When a = 5 is 4 * 1-5 = - 1 < 0,
When 8 ≤ a < 12, it is rare for a = 5 to have integer solution 1
When a = 8,4x-8
Quadratic equation of one variable-
If C (C is not equal to 0) is the root of the quadratic equation x & # 178; + BX + C = 0, then the value of C + B is ()
A.1 B.-1 C.2 D.-2
Because C is the root of the equation x & # 178; + BX + C = 0,
Then, C & # 178; + BC + C = 0
And because C ≠ 0, both sides of the above formula divide by C,
C + B + 1 = 0
There is C + B = - 1
Therefore, this question is B. - 1
If C (C is not equal to 0) is the root of the quadratic equation x & # 178; + BX + C = 0 with respect to X
Let the other root be x2
cx2=c
x2=1
Substituting into the original equation
1+b+c=0
b+c=-1
Because C is the root of the quadratic equation x & # 178; + BX + C = 0 with respect to x, we substitute C into the equation c & # 178; + BC + C = 0
Because C is not equal to 0 and C is reduced, C + B + 1 = 0, that is, C + B = - 1
Choose B
C is the root of the equation x & # 178; + BX + C = 0, then:
c²＋bc＋c=0
Because C is not equal to 0, then:
c＋b＋1=0
b＋c=－1
Select [b]
Given that the real number x is less than or equal to y, less than or equal to Z, and satisfies the following conditions: 3Y + 2Z = 3 + X, 3Y + Z = 4-3x, (1) find the value range of X; (2) find the maximum and minimum value of X + y + Z
3Y+2Z=3+X.(1)
3Y+Z=4-3X.(2)
(1)-(2):z=4x-1
2*(2)-(1):3y=5-7x
X ≤ y --- > 3x ≤ 5-7x, 10x ≤ 5, X ≤ 1 / 2
Y ≤ Z --- > 5-7x ≤ 3 (4x-1), 19x ≥ 8, X ≥ 8 / 19
The value range of X is 8 / 19 ≤ x ≤ 1 / 2
2)
x+y+z=x+(5-7x)/3+4x-1=(8x+2)/3
When x = 1 / 2, the maximum value = (4 + 2) / 3 = 2
When x = 8 / 19, the minimum value = (8 * 8 / 19 + 2) / 3 = 34 / 19
(1) Formula: 3Y + 2Z = 3 + X
(2) Formula: 3Y + Z = 4-3x
(1) Formula - (2): z = 4x-1
Let x = 1 / 3
(1) Formula - 2 * (2) after formula y = 5 / 3-7 / 3x
Put x
If x + 2 is a factor of polynomial X3 + x2 + ax + B and 2A2 + 3AB + B2 ≠ 0, then the value of fraction AB2 − 4A3 + B3 − 4a2b2a2 + 3AB + B2 is______ .

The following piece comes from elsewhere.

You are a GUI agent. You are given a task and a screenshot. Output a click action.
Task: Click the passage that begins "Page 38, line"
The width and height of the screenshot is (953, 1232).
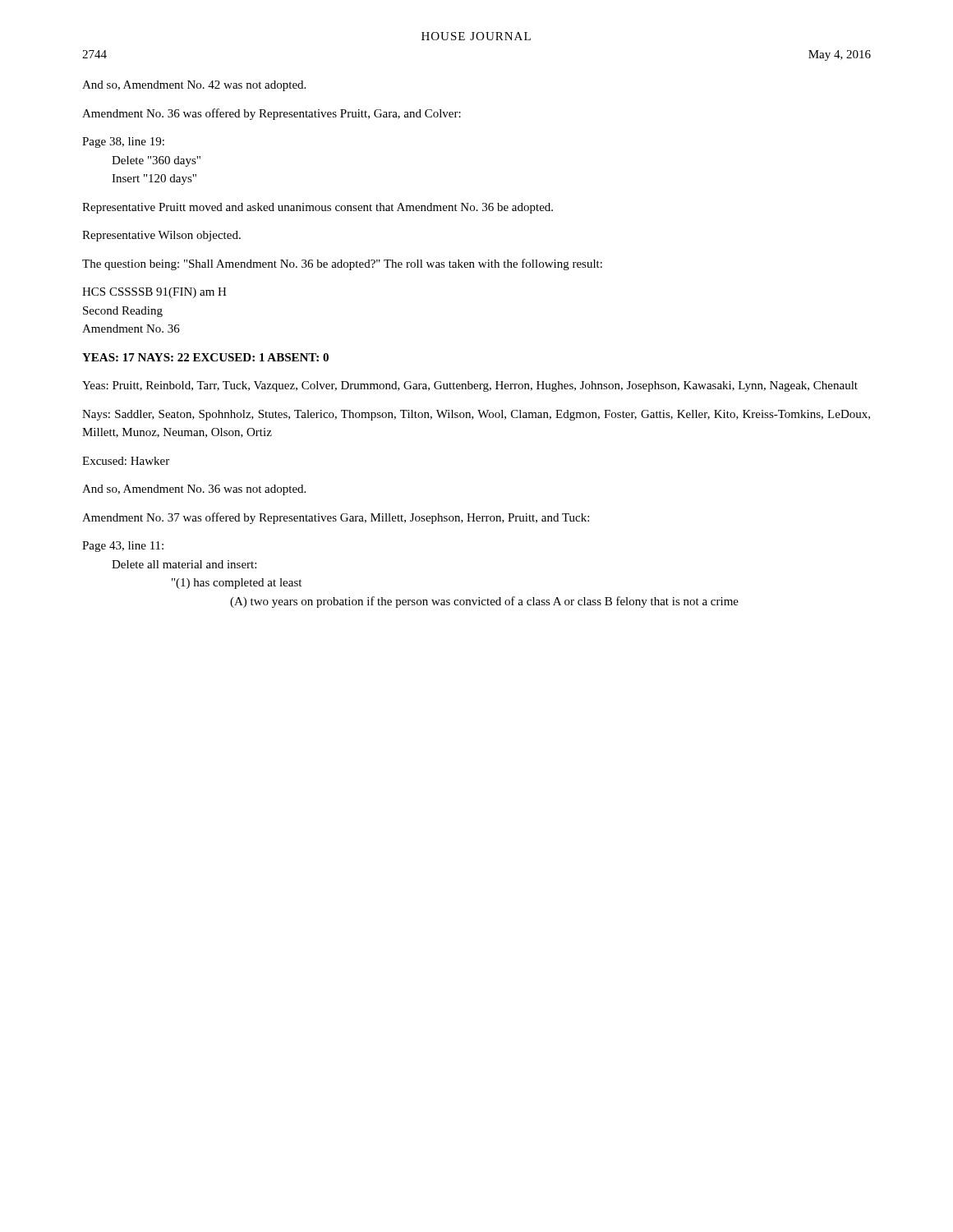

∵ x + 2 is a factor of the polynomial X3 + x2 + ax + B. when x = - 2, the polynomial is equal to 0, and the solution is b-2a = 4. The original formula = (a + b) (B2 − 4a2) (2a + b) (a + b) = (B − 2a) (B + 2a) 2A + B = b-2a = 4
Known inequality 4x-a about X
4x-a
② It's better to say why
I know that ax 2 + BX + C = 0 can also be written as x 2 + (x1 + x2) x + x1x2 = 0
x1+x2=-b/a x1x2=c/a...
So don't worry about it
Given 2x ② - 19x + M = 0, one of which is 1, find the other and the value of M
Given that x (2) - 2x-1 = 0, a quadratic equation with one variable is obtained by using the relationship between the root and the coefficient so that the root is the square of the root of the original equation
1. X is another root
2x ② - 19x + M = 0, one of which is 1
1+x=19/2
x=17/2
1*x=m/2
Then M = 17
2.x②-2x-1=0
x1+x2=2
x1x2=-1
The root of the equation is X1 ^ 2, X2 ^ 2
x1^2+x2^2=(x1+x2)^2-2x1x2=4+2=6
x1^2*x2^2=(x1x2)^2=1
So the quadratic equation of one variable is x ^ 2-6x + 1 = 0
(1)
Substituting x = 1 into the original equation, we get m = 17
Substituting M = 17 into the solution, we get X1 = 1, X2 = 17 / 2
(2) I don't understand. Are two roots the square of their two roots?